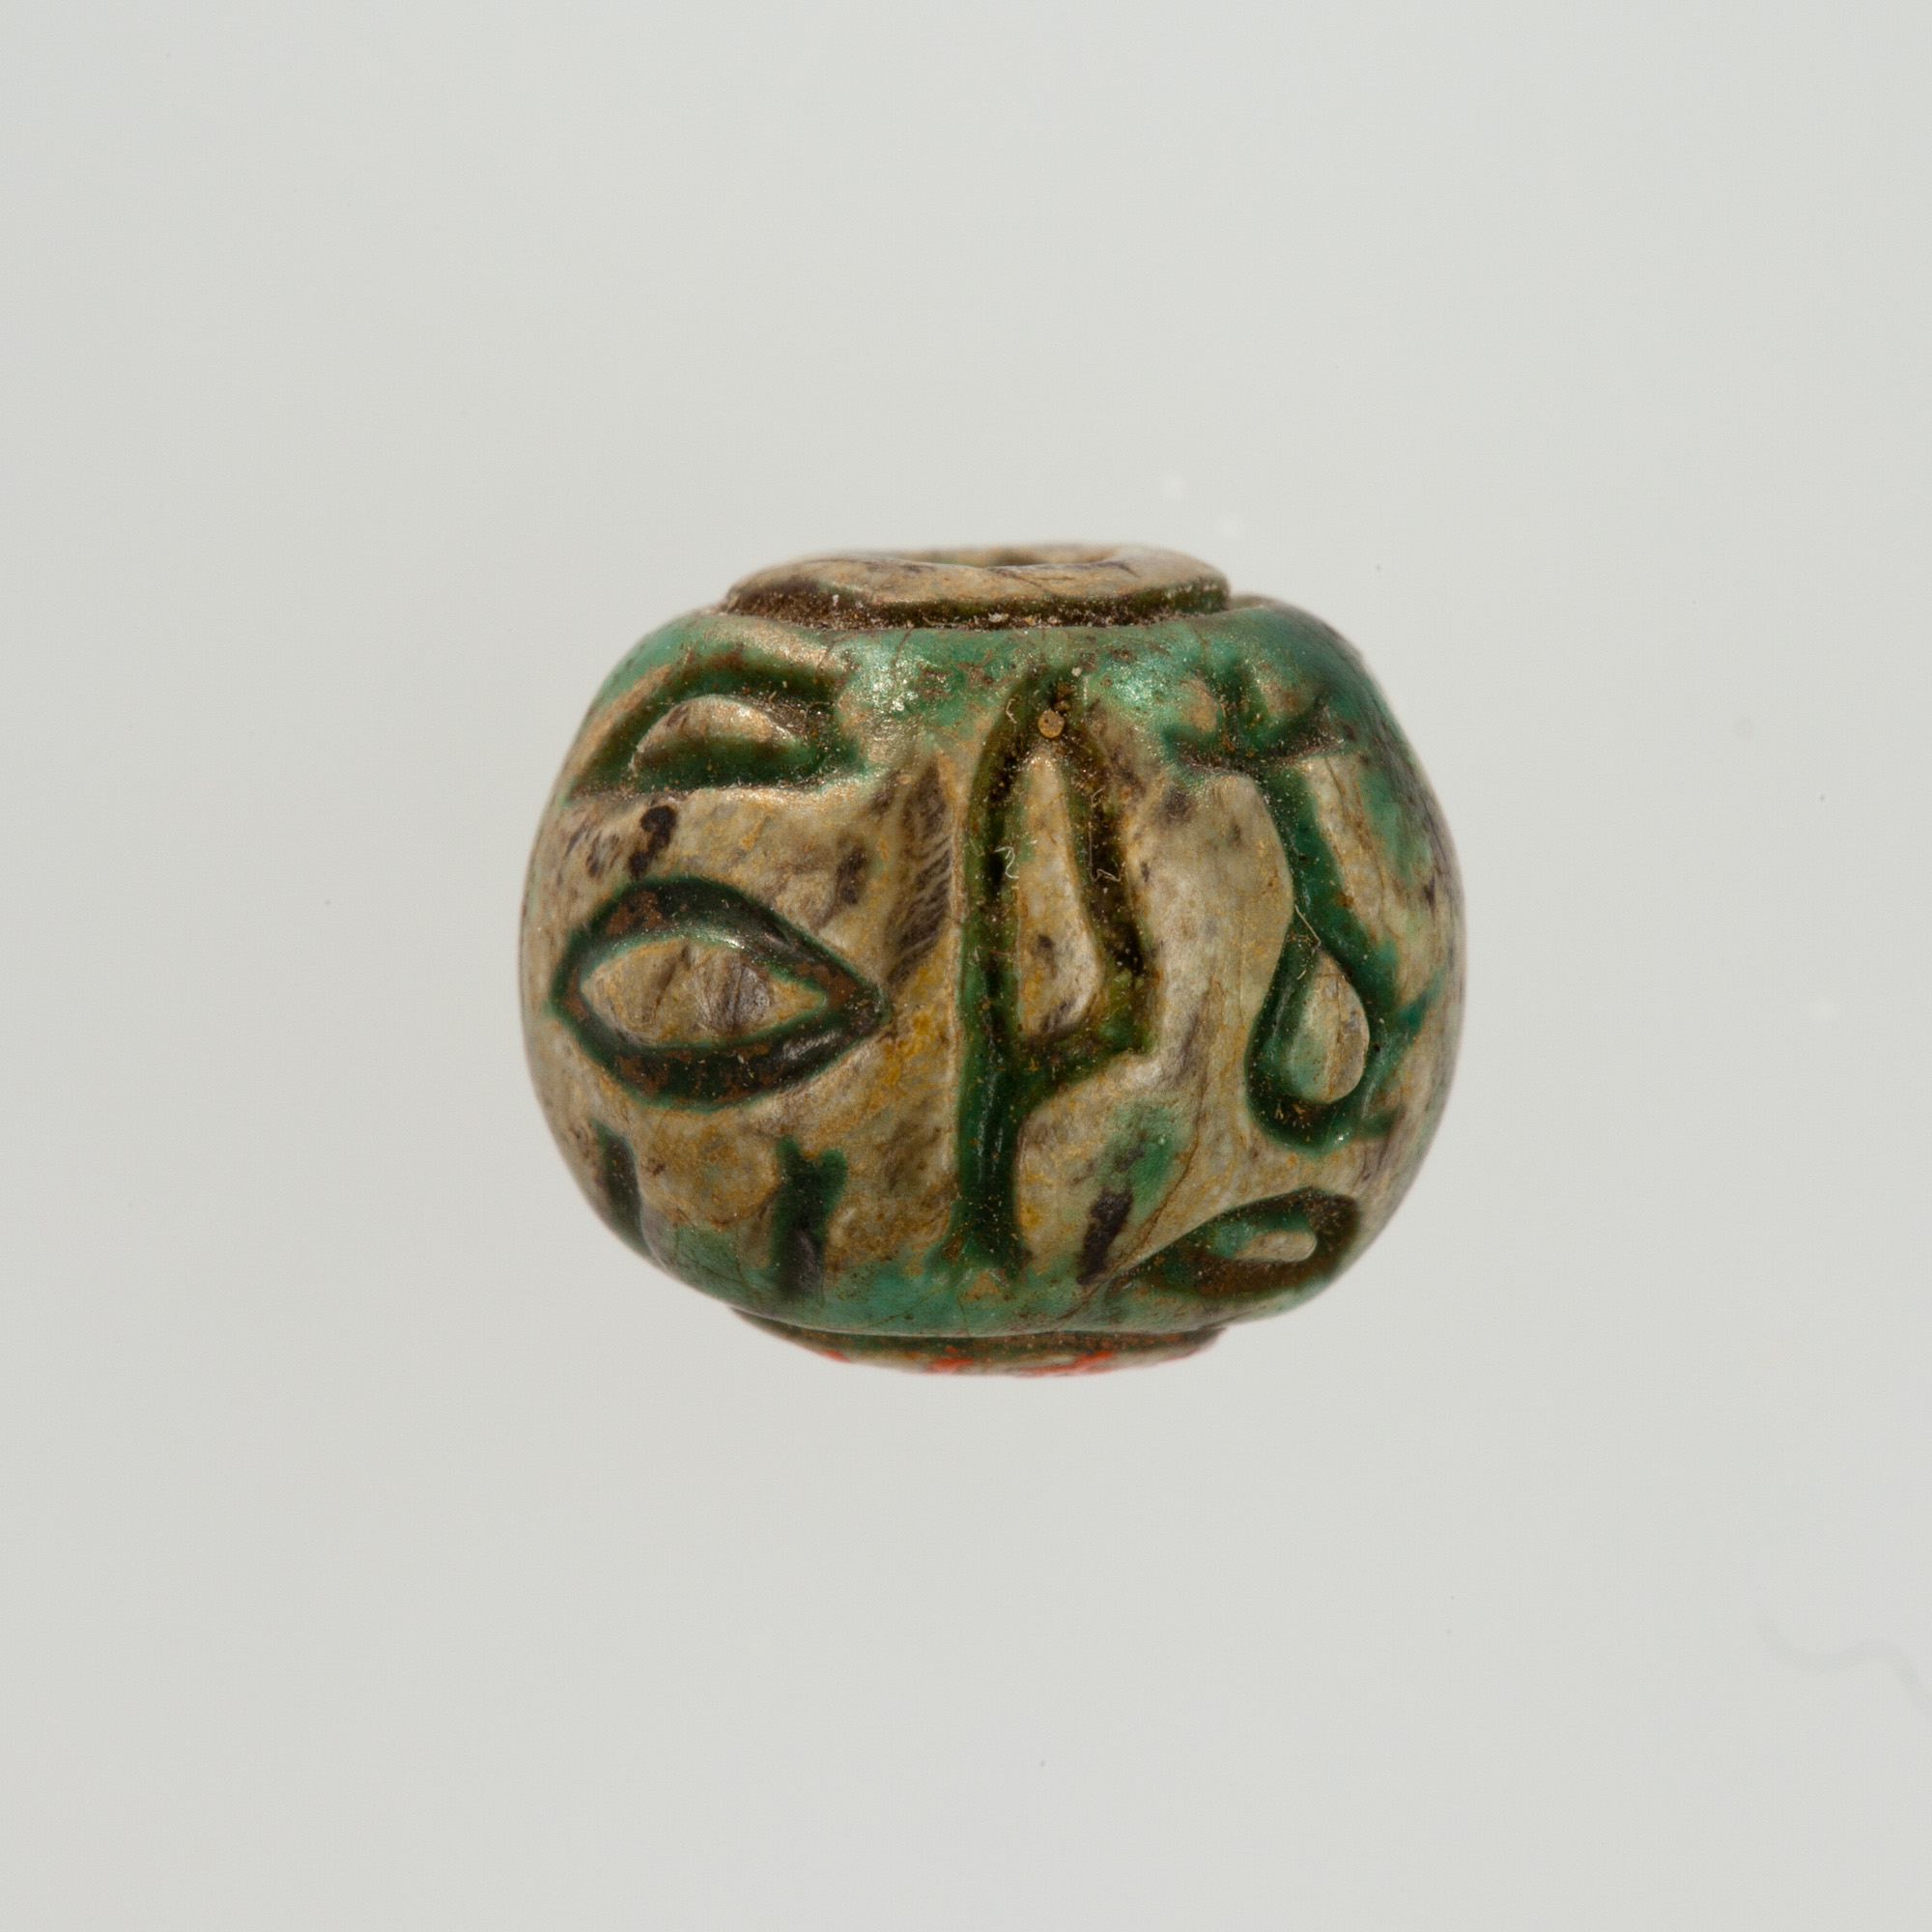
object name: bead, ahmose nefertari, king's wife
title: Bead Inscribed for the King's Wife (Ahmose-)Nefertari
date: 1550-1525 BCE
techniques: glazing
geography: egypt
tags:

┄┄┄┄┄┄┄┄┄┄

_What you will do_. The answer is the full set of records printed exactly, less the pictures.

_Exercise output_.
object name: bead, ahmose nefertari, king's wife
title: Bead Inscribed for the King's Wife (Ahmose-)Nefertari
date: 1550-1525 BCE
techniques: glazing
geography: egypt
tags:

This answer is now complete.